Find the count of lines in the material below that include the word "image". State nothing but that number.

Data for analysis:
──────

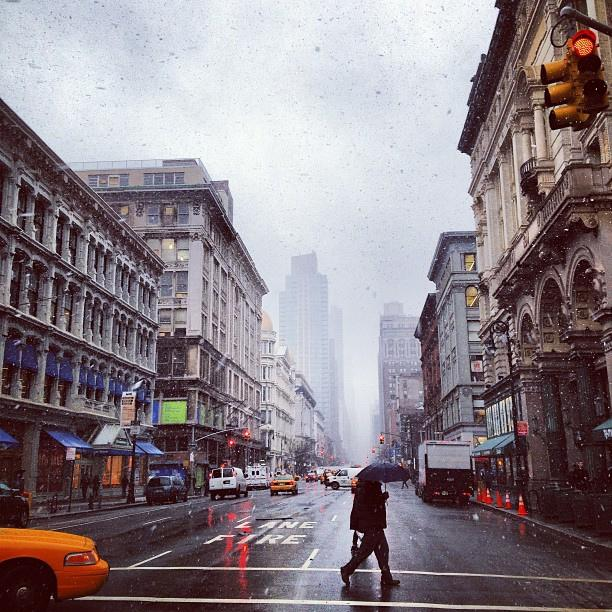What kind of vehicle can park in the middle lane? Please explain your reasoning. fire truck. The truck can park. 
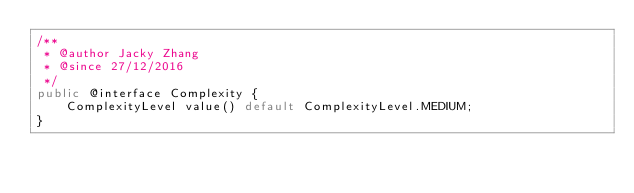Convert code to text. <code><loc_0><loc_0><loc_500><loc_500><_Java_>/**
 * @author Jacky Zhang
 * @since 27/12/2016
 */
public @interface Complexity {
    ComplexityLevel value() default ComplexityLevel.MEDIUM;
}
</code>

──────

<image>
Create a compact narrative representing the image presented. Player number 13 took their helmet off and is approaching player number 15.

──────

The answer:
2